Also to be fair: the residents of the favelas find the dealers infinitely preferable to the cops. The cops are corrupt. They harass the residents. They believe they have the right to burst into people's houses and trample their freedoms in ways they never would in the legal world. The second day I was in Rocinha, my friend Paul and I were accosted by the cops as we left the favela. We spent 15 or 20 minutes with guns pressed into our stomachs until Paul convinced the cops we were not traffickers or buyers. Rocinha residents go through this kind of harassment with much more regularity.

It also appears that as much as the cops fight the dealers, the drug gangs have connections to the highest echelons of society. A police officer I know, who I will call Jorge, told me that when raided the favelas, he often found caches of brand new weapons that seem to have come straight from the military. He suggested that the real chieftains of drug trafficking in Brazil were well-regarded military and political leaders of the country.

Finally, remember this: that as compelling as these images and stories are, the vast majority of favela residents are good people who are trying to provide for their families. It has been estimated that just one percent of the people who live in the favelas are involved in the drug trade.

Sunday, October 30, 2005

Death of a Drug Dealer



Bem-Te-Vi (real name Erismar Rodrigues Moreira), the chief of trafficking in Rocinha, was killed by the police on Saturday. He was shot four times at the end of an hour-long shootout in the Rocinha neighborhood called Valão. Four other favela residents, including three innocent bystanders who just happened to be in the area and had no connection to the drug kingpin, were wounded in the melee.

The person who sent me the news had an interesting reaction to the shooting. "This guy was a very bad guy," he wrote, but added that he is angry at the police for storming the favela and wounding innocents: "I do not like trafickers, but as usual, people who are not bad get injured or killed. I love Rocinha and hate the police."

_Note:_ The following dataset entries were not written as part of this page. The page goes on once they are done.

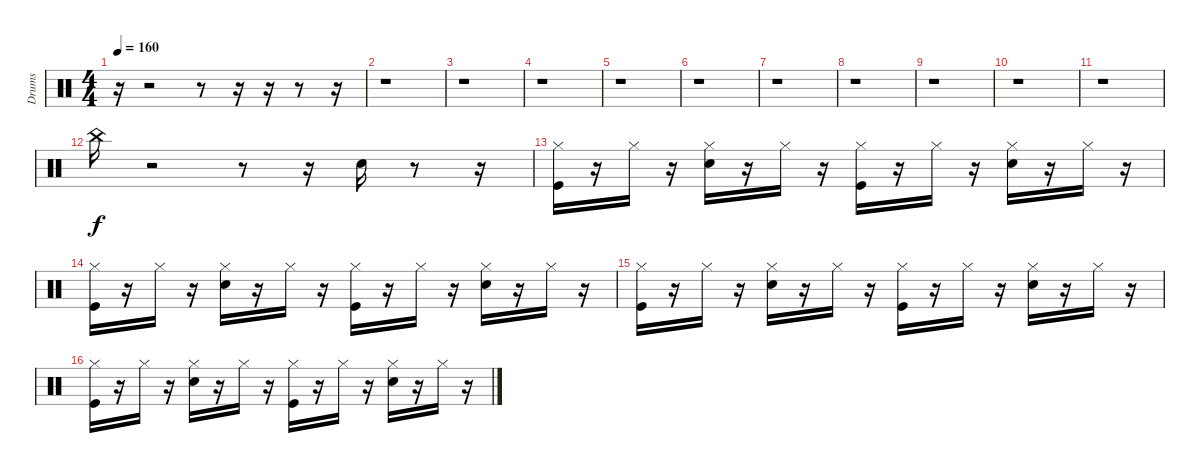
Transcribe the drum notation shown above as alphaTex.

\track ("Drums               " "Drums     ") {instrument percussion}
\staff {score}
\articulation defaults
\ts (4 4)
\tempo 160
\clef neutral
\ks c
r.16{dy f} r.2 r.8 r.16 r.16 r.8 r.16 |
r.1 |
r.1 |
r.1 |
r.1 |
r.1 |
r.1 |
r.1 |
r.1 |
r.1 |
r.1 |
"China (choke)".16 r.2 r.8 r.16 "Snare (hit)".16 r.8 r.16 |
("Kick (hit)" "Hi-Hat (closed)").16 r.16 "Hi-Hat (closed)".16 r.16 ("Snare (hit) 2" "Hi-Hat (closed)").16 r.16 "Hi-Hat (closed)".16 r.16 ("Kick (hit)" "Hi-Hat (closed)").16 r.16 "Hi-Hat (closed)".16 r.16 ("Snare (hit) 2" "Hi-Hat (closed)").16 r.16 "Hi-Hat (closed)".16 r.16 |
("Kick (hit)" "Hi-Hat (closed)").16 r.16 "Hi-Hat (closed)".16 r.16 ("Snare (hit) 2" "Hi-Hat (closed)").16 r.16 "Hi-Hat (closed)".16 r.16 ("Kick (hit)" "Hi-Hat (closed)").16 r.16 "Hi-Hat (closed)".16 r.16 ("Snare (hit) 2" "Hi-Hat (closed)").16 r.16 "Hi-Hat (closed)".16 r.16 |
("Kick (hit)" "Hi-Hat (closed)").16 r.16 "Hi-Hat (closed)".16 r.16 ("Snare (hit) 2" "Hi-Hat (closed)").16 r.16 "Hi-Hat (closed)".16 r.16 ("Kick (hit)" "Hi-Hat (closed)").16 r.16 "Hi-Hat (closed)".16 r.16 ("Snare (hit) 2" "Hi-Hat (closed)").16 r.16 "Hi-Hat (closed)".16 r.16 |
("Kick (hit)" "Hi-Hat (closed)").16 r.16 "Hi-Hat (closed)".16 r.16 ("Snare (hit) 2" "Hi-Hat (closed)").16 r.16 "Hi-Hat (closed)".16 r.16 ("Kick (hit)" "Hi-Hat (closed)").16 r.16 "Hi-Hat (closed)".16 r.16 ("Snare (hit) 2" "Hi-Hat (closed)").16 r.16 "Hi-Hat (closed)".16 r.16

The photos here, taken by a different Rocinha resident, show the tension in Rocinha. Note the kid in the second photo, walking down the beco (or pathway), seemingly oblivious to the heavily armed masked policeman staked out just around the corner.

***
Bem-Te-Vi foi morto com 4 tiros

Agência Estado

Chefe do tráfico na Rocinha, o bandido mais procurado
do Rio, Erismar Rodrigues Moreira, o Bem-Te-Vi, de 29
anos, foi morto na madrugada de hoje, dentro da
favela, na zona sul, em uma troca de tiros com a
polícia. Conhecido pela vaidade, que o levou a ter
armas, cordões e pulseiras banhadas a ouro, e pelos
contatos com jogadores de futebol, ele foi baleado
durante a operação Cavalo de Tróia. Três moradores
também foram atingidos, e uma quarta pessoa, que,
segundo a polícia, é integrante da quadrilha do
traficante, morreu.

Bem-Te-Vi resistiu à prisão e foi morto às 3h, após
uma hora de confronto, acossado nas proximidades do
valão do Largo do Boiadeiro, na parte baixa da favela,
informou a polícia. Ele estava acompanhado por seis
traficantes armados de fuzil. Os criminosos usaram
granadas contra 10 policiais da 25ª DP (Engenho de
Dentro), que estavam na linha de frente da operação.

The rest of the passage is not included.